Kaedryn eased her empty plate aside. “We have more prisoners from the Maw’s waters than we know what to do with. Let alone the numbers you’ll bring in from the prisons.”
She spoke to no one in particular, but the weight of it pressed squarely against Jassyn. He’d overseen most of the healing, he knew how thin their resources had been stretched.
“Some who surrendered have already turned violent,” Kaedryn continued. “Even those we’ve tethered. Keeping so many inside Asharyn’s walls is a risk the guildmasters may not tolerate for much longer.”
Jassyn didn’t answer at once. When he closed his eyes, he still saw hands clawing above the waves, smelled scorched flesh and charred hulls. And he’d never forget the burst of red when Lykor’s shadows struck the boy he’d been healing.
“They were drowning,” Jassyn said quietly. “Burning. I saw no other choice.”
He withdrew his hand from Lykor’s leg and leaned forward, folding his fingers on the table as he met every gaze in turn.
His eyes locked with Daeryn’s, a legacy neither of them had chosen, blood neither had asked for.
Something feral stirred in Jassyn’s chest, bright enough to burn a path through the entire capital before he let this world chain another life the way it had claimed them both.
That fire was what drove him forward.
“I didn’t drag the king’s soldiers from the Maw because I trusted them,” Jassyn said at last. “I did it because we should give every soul a chance to stand for a different world.” He reached for a goblet of water, fingers tightening until the stem dug into his skin.
“I won’t fight this war by becoming like the elves—stealing choice and calling it victory. ”

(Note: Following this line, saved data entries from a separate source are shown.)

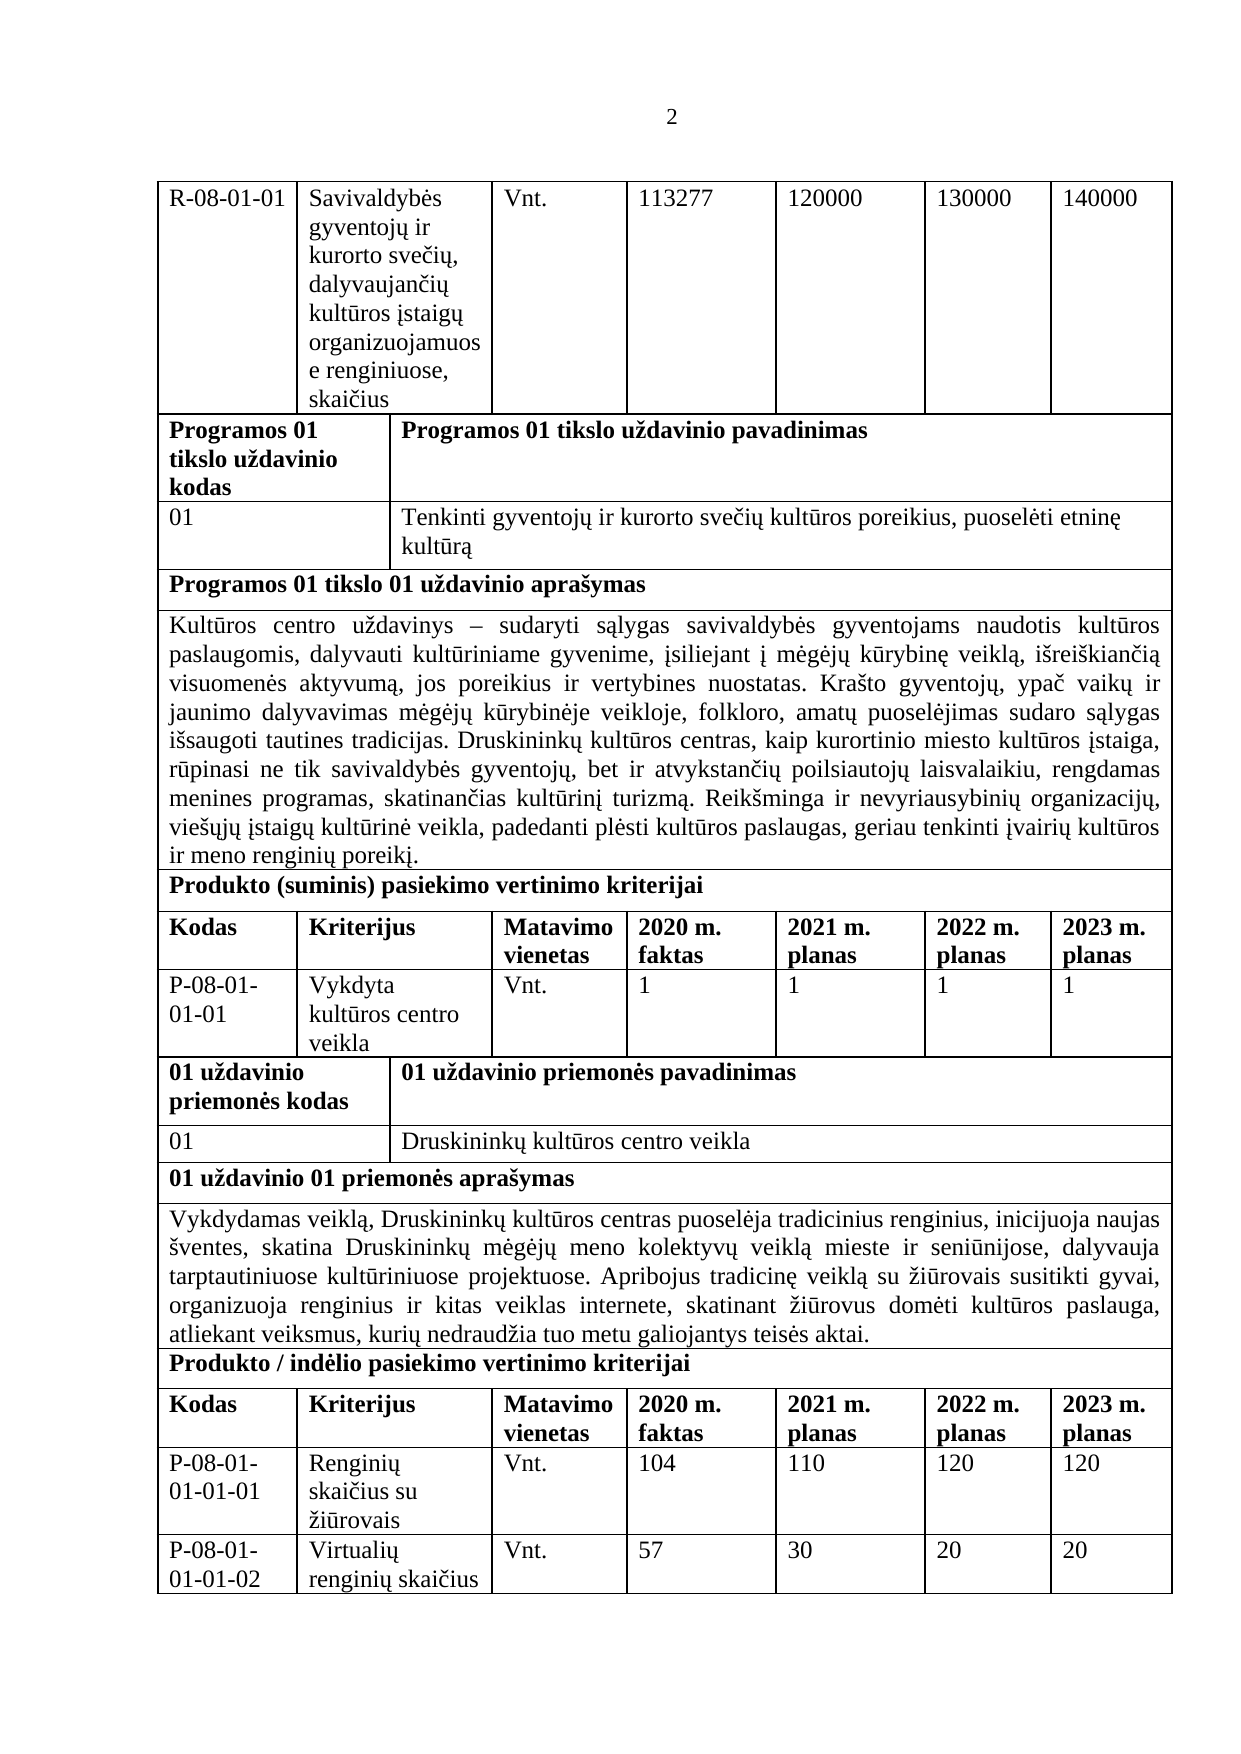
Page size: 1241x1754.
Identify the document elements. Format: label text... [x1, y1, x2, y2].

table_cell Savivaldybės gyventojų ir kurorto svečių, dalyvaujančių kultūros įstaigų organizuojamuose renginiuose, skaičius [298, 182, 491, 413]
table_cell 130000 [926, 182, 1050, 413]
table_cell Vykdydamas veiklą, Druskininkų kultūros centras puoselėja tradicinius renginius, inicijuoja naujas šventes, skatina Druskininkų mėgėjų meno kolektyvų veiklą mieste ir seniūnijose, dalyvauja tarptautiniuose kultūriniuose projektuose. Apribojus tradicinę veiklą su žiūrovais susitikti gyvai, organizuoja renginius ir kitas veiklas internete, skatinant žiūrovus domėti kultūros paslauga, atliekant veiksmus, kurių nedraudžia tuo metu galiojantys teisės aktai. [159, 1204, 1171, 1347]
table_cell Programos 01 tikslo uždavinio kodas [159, 415, 389, 501]
table_cell Kodas [159, 1389, 296, 1447]
table_cell Produkto (suminis) pasiekimo vertinimo kriterijai [159, 870, 1171, 911]
table_cell 2022 m. planas [926, 912, 1050, 969]
table_cell Programos 01 tikslo uždavinio pavadinimas [391, 415, 1171, 501]
table_cell Kodas [159, 912, 296, 969]
table_cell Kriterijus [298, 1389, 491, 1447]
table_cell Matavimo vienetas [493, 1389, 626, 1447]
table_cell Druskininkų kultūros centro veikla [391, 1126, 1171, 1162]
table_cell 120000 [777, 182, 924, 413]
table_cell R-08-01-01 [159, 182, 296, 413]
table_cell 01 uždavinio priemonės kodas [159, 1058, 389, 1125]
table_cell 120 [1052, 1448, 1171, 1534]
table_cell P-08-01-01-01-01 [159, 1448, 296, 1534]
table_cell Matavimo vienetas [493, 912, 626, 969]
table_cell Vnt. [493, 1448, 626, 1534]
table_cell 2021 m. planas [777, 912, 924, 969]
table_cell 2020 m. faktas [628, 912, 775, 969]
table_cell 104 [628, 1448, 775, 1534]
table_cell P-08-01-01-01-02 [159, 1535, 296, 1592]
table_cell 20 [1052, 1535, 1171, 1592]
table_cell 01 [159, 502, 389, 568]
table_cell 2022 m. planas [926, 1389, 1050, 1447]
table_cell Vnt. [493, 970, 626, 1056]
table_cell 140000 [1052, 182, 1171, 413]
table_cell 110 [777, 1448, 924, 1534]
table_cell 01 uždavinio priemonės pavadinimas [391, 1058, 1171, 1125]
table_cell Virtualių renginių skaičius [298, 1535, 491, 1592]
table_cell 2020 m. faktas [628, 1389, 775, 1447]
table_cell 2021 m. planas [777, 1389, 924, 1447]
table_cell Renginių skaičius su žiūrovais [298, 1448, 491, 1534]
table_cell Produkto / indėlio pasiekimo vertinimo kriterijai [159, 1349, 1171, 1388]
table_cell 1 [1052, 970, 1171, 1056]
table_cell 1 [777, 970, 924, 1056]
table_cell 113277 [628, 182, 775, 413]
table_cell 120 [926, 1448, 1050, 1534]
table_cell 1 [628, 970, 775, 1056]
table_cell 57 [628, 1535, 775, 1592]
table_cell Tenkinti gyventojų ir kurorto svečių kultūros poreikius, puoselėti etninę kultūrą [391, 502, 1171, 568]
table_cell Vykdyta kultūros centro veikla [298, 970, 491, 1056]
table_cell 01 [159, 1126, 389, 1162]
table_cell 2023 m. planas [1052, 912, 1171, 969]
table_cell P-08-01-01-01 [159, 970, 296, 1056]
table_cell 2023 m. planas [1052, 1389, 1171, 1447]
table_cell Kultūros centro uždavinys – sudaryti sąlygas savivaldybės gyventojams naudotis kultūros paslaugomis, dalyvauti kultūriniame gyvenime, įsiliejant į mėgėjų kūrybinę veiklą, išreiškiančią visuomenės aktyvumą, jos poreikius ir vertybines nuostatas. Krašto gyventojų, ypač vaikų ir jaunimo dalyvavimas mėgėjų kūrybinėje veikloje, folkloro, amatų puoselėjimas sudaro sąlygas išsaugoti tautines tradicijas. Druskininkų kultūros centras, kaip kurortinio miesto kultūros įstaiga, rūpinasi ne tik savivaldybės gyventojų, bet ir atvykstančių poilsiautojų laisvalaikiu, rengdamas menines programas, skatinančias kultūrinį turizmą. Reikšminga ir nevyriausybinių organizacijų, viešųjų įstaigų kultūrinė veikla, padedanti plėsti kultūros paslaugas, geriau tenkinti įvairių kultūros ir meno renginių poreikį. [159, 611, 1171, 869]
table_cell 1 [926, 970, 1050, 1056]
table_cell 30 [777, 1535, 924, 1592]
table_cell Kriterijus [298, 912, 491, 969]
table_cell Vnt. [493, 1535, 626, 1592]
table_cell Vnt. [493, 182, 626, 413]
table_cell 01 uždavinio 01 priemonės aprašymas [159, 1163, 1171, 1203]
table_cell Programos 01 tikslo 01 uždavinio aprašymas [159, 570, 1171, 609]
table_cell 20 [926, 1535, 1050, 1592]

Daeryn studied the hatchlings moving through the reeds. “The elven-blooded who cling to the capital’s ideals will never join us. Many believe their magic gives them the right to rule over humans who don’t carry a spark. But others will. Once they see the world we’re building.”
Kaedryn pursed her lips, crimson eyes glowing as they drifted over Bhreena again. “And those who smile and swear loyalty only to knife our wings the moment we look away? What then?”

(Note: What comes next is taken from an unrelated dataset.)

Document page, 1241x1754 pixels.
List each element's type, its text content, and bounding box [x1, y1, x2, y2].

“We kill them,” Lykor growled.
Every gaze cut toward him, and he scowled back.
“We’ve already given the king’s forces a chance.
” His eyes flicked toward Jassyn, flaring in the dim light.
“We don’t grant them any quarter if they threaten any of our own.
” His voice dropped lower, iron ground to a killing edge.
“If they betray us, I’ll meet them like any enemy.
” He didn’t move or even blink, but shadows writhed around his shoulders in slow, restless waves.
“A streak of rending across the throat.”
Silence followed, settling like ash in the lungs. Lykor had spoken the violence Jassyn feared he’d one day be forced to choose. But admitting that would erode the vow he’d just sworn to be different from the elves.
So he said nothing.
Behind them, a hatchling trilled, the startled screech ending in a splash, sparks skittering against the water.
“Like Kaedryn said, some might betray us,” Serenna murmured, watching the dragons scatter in the reeds. “That doesn’t make mercy a mistake. It makes it a choice we keep choosing.”
Her words lingered, but another truth pressed deeper. Lykor’s conviction came from a loyalty fierce enough to kill for, a devotion Jassyn could never command outright.
When he lifted his eyes, every face at the table had already turned to him, waiting for the next call. And he knew that no matter what he chose, someone would bleed for it.